And on that D’Artagnan’s sleep-befogged mind cleared. “What I meant,” he said. “Is that doubtless your Athenais will take some time to look through the books and discover whether Monsieur de Comeau has been receiving money from her husband. And even if she discovers it, because the matter is of such long standing—judging by the lord’s stables—how are you to prove he was involved in killing the young man?”
Porthos’s hands closed, on either side of his body. “If he killed Guillaume, I shall kill him.”
“How?” D’Artagnan asked.
“You can’t challenge him to a duel,” Athos said.
“Indeed, no,” Aramis put in. “His extreme old age protects him from such. And what are you going to do if you can’t challenge him to a duel? What do you intend to do?”
Porthos’s hands unclenched, then clenched again. “If he killed my son, I’ll kill him.”
Athos shook his head. “Indeed no.”
“We’d be very poor friends if we allowed you that course of action,” Aramis said. “It is one thing to kill someone in a duel, but another and quite different thing to kill him by stealth and in the dark, or to kill someone of such markedly inferior strength as Monsieur Coquenard. If you kill him it will be murder, and they’ll execute you, Porthos.”
Porthos was quiet a moment, then frowned and asked, as if the question were difficult to formulate, “I am to allow him to live, then? To go on as though nothing had happened? I know that the Cardinal has many such debts to his conscience and yet goes on living and, such as it is, ruling France. But surely, you don’t expect me to take the murder of my son in the same manner and to—”
“No,” D’Artagnan said. “No. We wouldn’t expect it and, indeed, wouldn’t look for it. Only that . . . to get your revenge, you will need to involve the law and that will necessitate more proof than the fact that Monsieur de Comeau was indebted to Monsieur Coquenard, because I fancy that hundreds of people are, and are not, for all that, murderers.”
“But—” Porthos said.
“What this means,” Athos said, his voice serious. “What D’Artagnan is trying to say is that we must gather more proof of his guilt.”
“How?” Porthos asked.
“Well, that was what I was thinking of,” D’Artagnan said. “And why I thought I could not allow this meeting to end before I had established it. We must find out why Guillaume had your genealogy, and indeed if it was him who gathered it or if someone gave it to him, and if he got it, at whose request.”

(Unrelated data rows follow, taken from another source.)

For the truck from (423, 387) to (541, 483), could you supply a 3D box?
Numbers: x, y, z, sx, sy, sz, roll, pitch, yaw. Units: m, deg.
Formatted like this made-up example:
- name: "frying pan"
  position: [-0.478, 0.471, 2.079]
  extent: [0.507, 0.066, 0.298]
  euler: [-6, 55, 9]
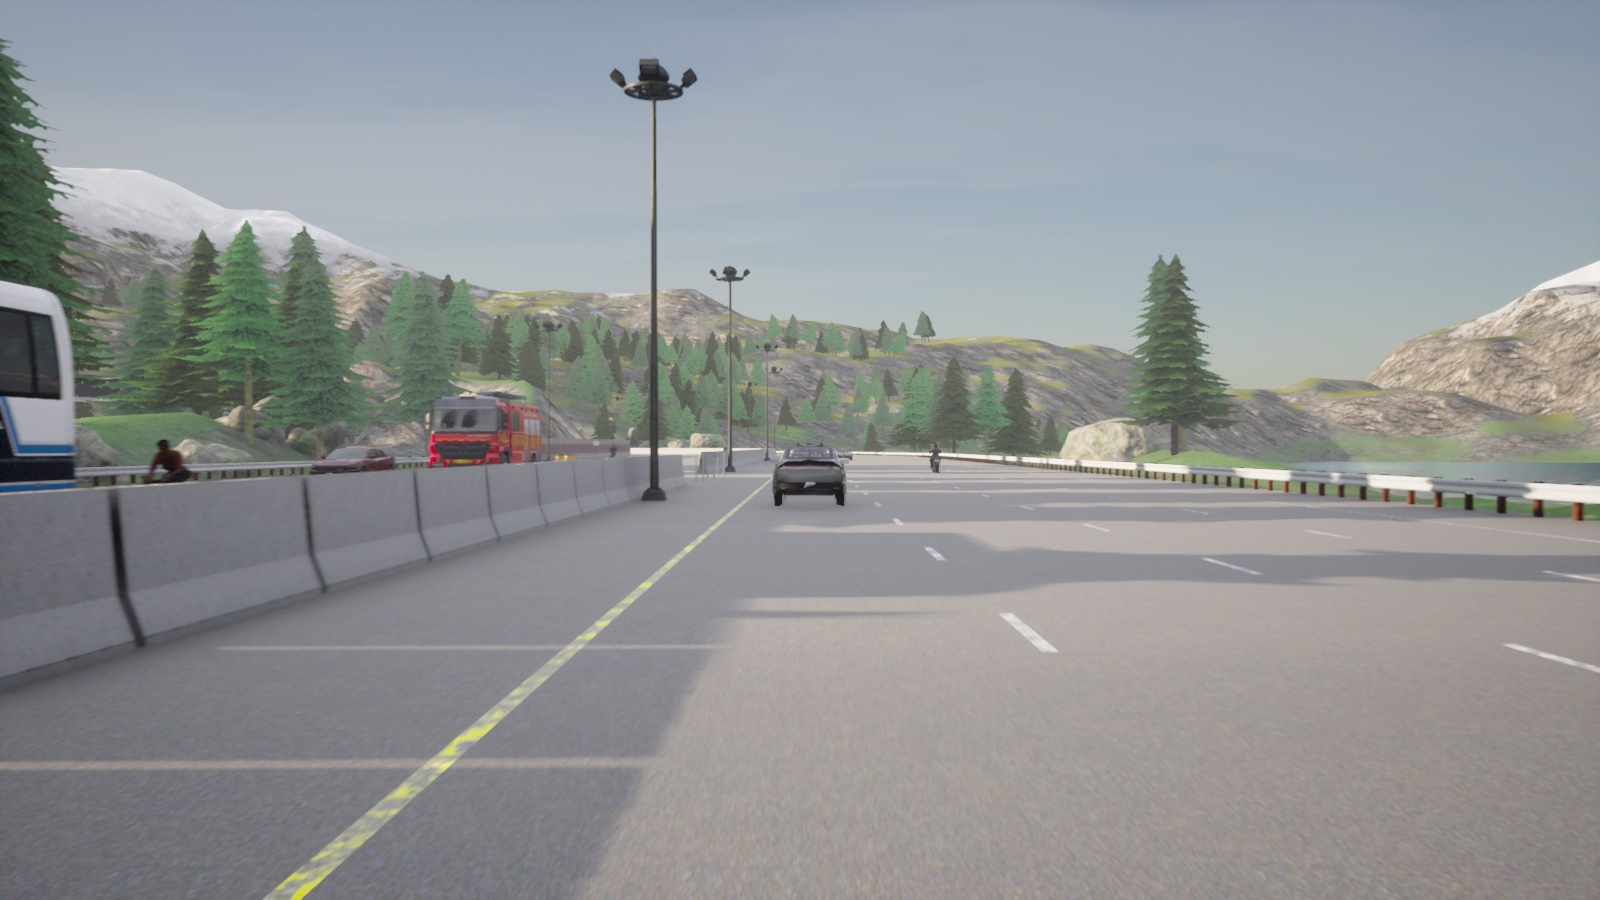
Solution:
- name: "truck"
  position: [-13.565, -0.591, 54.294]
  extent: [2.891, 3.827, 8.468]
  euler: [0, 0, 0]

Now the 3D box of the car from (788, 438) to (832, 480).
- name: "car"
  position: [0.466, 0.390, 58.274]
  extent: [1.932, 1.855, 4.605]
  euler: [0, 0, 0]

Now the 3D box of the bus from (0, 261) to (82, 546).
- name: "bus"
  position: [-13.892, -0.687, 15.670]
  extent: [3.944, 4.253, 10.273]
  euler: [0, 0, 0]

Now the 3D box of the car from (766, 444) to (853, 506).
- name: "car"
  position: [0.253, 0.603, 33.322]
  extent: [2.128, 1.511, 4.902]
  euler: [0, 0, 0]

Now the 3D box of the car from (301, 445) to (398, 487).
- name: "car"
  position: [-17.122, 0.567, 47.999]
  extent: [1.882, 1.535, 5.008]
  euler: [0, 0, 0]

“How can we find out if he was the one who gathered it,” Porthos said, “when he’s dead? And you’re forgetting he went to St. Guillaume du Vallon.”
D’Artagnan inclined his head. “I’m not forgetting it, Porthos. Indeed, I’m not. But just because he went there, or was persuaded to go there, doesn’t mean he was the one who researched your genealogy—a difficult labor for a lad. And tedious, besides.”

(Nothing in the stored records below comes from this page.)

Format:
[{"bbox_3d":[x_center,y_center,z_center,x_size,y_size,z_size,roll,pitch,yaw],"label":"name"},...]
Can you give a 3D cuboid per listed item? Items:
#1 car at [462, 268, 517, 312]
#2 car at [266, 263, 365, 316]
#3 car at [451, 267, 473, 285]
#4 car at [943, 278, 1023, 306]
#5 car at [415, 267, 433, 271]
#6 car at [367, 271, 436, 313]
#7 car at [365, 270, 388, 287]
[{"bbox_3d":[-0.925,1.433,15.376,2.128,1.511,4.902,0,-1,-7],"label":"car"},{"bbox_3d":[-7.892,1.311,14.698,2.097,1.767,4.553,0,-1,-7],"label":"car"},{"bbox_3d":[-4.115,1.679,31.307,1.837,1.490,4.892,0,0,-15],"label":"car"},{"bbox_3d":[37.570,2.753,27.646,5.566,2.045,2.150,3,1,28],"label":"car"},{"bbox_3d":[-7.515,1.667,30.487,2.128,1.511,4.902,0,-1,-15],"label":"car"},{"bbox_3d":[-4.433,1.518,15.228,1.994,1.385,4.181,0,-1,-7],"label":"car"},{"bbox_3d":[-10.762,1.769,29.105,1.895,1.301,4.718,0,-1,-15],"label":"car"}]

“True, but in any case, he’s dead. How will we find—”
“If he went to the village, he stayed with someone and might have talked to someone,” D’Artagnan said. “We should go, all of us, and talk to people and find out what he did.”

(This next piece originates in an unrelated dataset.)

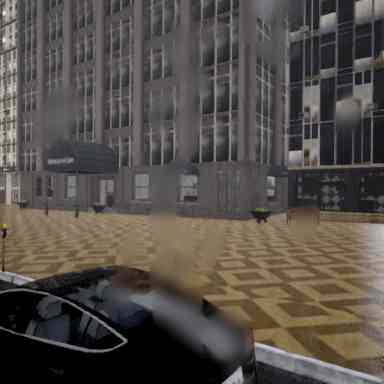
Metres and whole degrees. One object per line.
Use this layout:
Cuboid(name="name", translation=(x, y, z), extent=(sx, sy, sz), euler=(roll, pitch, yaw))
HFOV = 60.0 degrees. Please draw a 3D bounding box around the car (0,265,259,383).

“In my lands?” Porthos asked. “In my father’s lands? You want me to go and question my father?”
“Your father,” Athos said, with a speculative tone.
“Athos, it would be monstrous.”
“No more monstrous than things that happen daily,” Athos said.
"But ...”
“We must,” Aramis said. “Go, as the Gascon says. We will ask leave of Monsieur de Treville.”
“And I will ask leave of Monsieur des Essarts,” D’Artagnan said.
“And before all of that, I shall go and talk to Athenais,” Porthos said.
At the Top of the Ladder; Accounts and Accounting; A Wife’s Loyalty
THE
Coquenard home slumbered in silence. All but the mistress who, having responded to a hail of pebbles on her shutter, had opened the window and let down the rope ladder to admit Porthos.
Porthos had come into the small room—barely large enough for the one narrow bed and the small wardrobe at the foot—and there stood, holding his hat. He’d never felt so awkward in this place as he now did. Or at least, not since the first time that they’d conceived of this way of meeting. He was no longer sure which of them had suggested it, but the first time he’d climbed the ladder and found himself here, he’d been half in thrall of her and half in fear of doing this in a full house, with servants waiting.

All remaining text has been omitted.